* **Instructions for the task**
Only the lines below from the one containing "7. car [86, 195, 147, 234]" through the last line should be set down, exactly as written and with no pictures.

++++++++

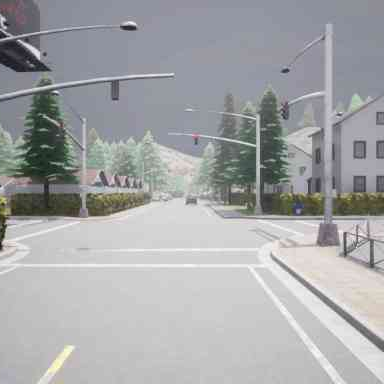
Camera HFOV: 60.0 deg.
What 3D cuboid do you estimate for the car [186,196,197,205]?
[{"bbox_3d":[-0.091,1.505,59.254,1.837,1.490,4.892,0,0,0],"label":"car"}]
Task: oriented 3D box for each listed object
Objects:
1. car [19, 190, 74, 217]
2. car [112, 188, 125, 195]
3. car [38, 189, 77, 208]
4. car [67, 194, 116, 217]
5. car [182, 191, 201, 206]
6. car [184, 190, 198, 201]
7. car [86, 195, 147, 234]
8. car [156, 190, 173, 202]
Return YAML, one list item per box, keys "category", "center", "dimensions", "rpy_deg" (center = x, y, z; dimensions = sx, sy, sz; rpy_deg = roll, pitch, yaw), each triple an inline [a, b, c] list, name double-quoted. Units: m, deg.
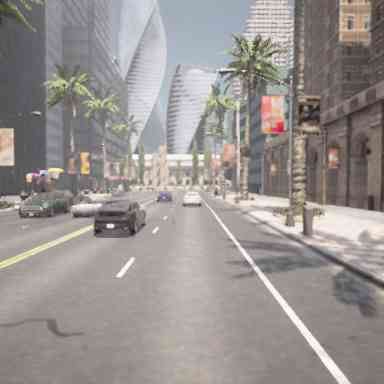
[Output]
- category: "car"
  center: [-10.532, 0.839, 24.050]
  dimensions: [2.097, 1.767, 4.553]
  rpy_deg: [0, 1, 0]
- category: "car"
  center: [-14.033, 0.040, 63.545]
  dimensions: [2.231, 1.521, 4.892]
  rpy_deg: [0, 1, -1]
- category: "car"
  center: [-13.685, 0.570, 34.177]
  dimensions: [2.185, 1.767, 4.553]
  rpy_deg: [0, 1, -1]
- category: "car"
  center: [-7.033, 1.095, 23.981]
  dimensions: [1.895, 1.301, 4.718]
  rpy_deg: [0, 1, 0]
- category: "car"
  center: [-0.013, 0.729, 35.521]
  dimensions: [1.812, 1.442, 4.674]
  rpy_deg: [0, 1, -1]
- category: "car"
  center: [-0.152, 0.496, 47.665]
  dimensions: [1.994, 1.385, 4.181]
  rpy_deg: [0, 1, -1]
- category: "car"
  center: [-3.440, 1.130, 16.444]
  dimensions: [1.837, 1.490, 4.892]
  rpy_deg: [0, 1, 0]
- category: "car"
  center: [-3.617, 0.517, 44.832]
  dimensions: [1.812, 1.442, 4.674]
  rpy_deg: [0, 1, -1]

++++++++

* **Exercise answer**
7. car [86, 195, 147, 234]
8. car [156, 190, 173, 202]
Return YAML, one list item per box, keys "category", "center", "dimensions", "rpy_deg" (center = x, y, z; dimensions = sx, sy, sz; rpy_deg = roll, pitch, yaw), each triple an inline [a, b, c] list, name double-quoted. Units: m, deg.
[Output]
- category: "car"
  center: [-10.532, 0.839, 24.050]
  dimensions: [2.097, 1.767, 4.553]
  rpy_deg: [0, 1, 0]
- category: "car"
  center: [-14.033, 0.040, 63.545]
  dimensions: [2.231, 1.521, 4.892]
  rpy_deg: [0, 1, -1]
- category: "car"
  center: [-13.685, 0.570, 34.177]
  dimensions: [2.185, 1.767, 4.553]
  rpy_deg: [0, 1, -1]
- category: "car"
  center: [-7.033, 1.095, 23.981]
  dimensions: [1.895, 1.301, 4.718]
  rpy_deg: [0, 1, 0]
- category: "car"
  center: [-0.013, 0.729, 35.521]
  dimensions: [1.812, 1.442, 4.674]
  rpy_deg: [0, 1, -1]
- category: "car"
  center: [-0.152, 0.496, 47.665]
  dimensions: [1.994, 1.385, 4.181]
  rpy_deg: [0, 1, -1]
- category: "car"
  center: [-3.440, 1.130, 16.444]
  dimensions: [1.837, 1.490, 4.892]
  rpy_deg: [0, 1, 0]
- category: "car"
  center: [-3.617, 0.517, 44.832]
  dimensions: [1.812, 1.442, 4.674]
  rpy_deg: [0, 1, -1]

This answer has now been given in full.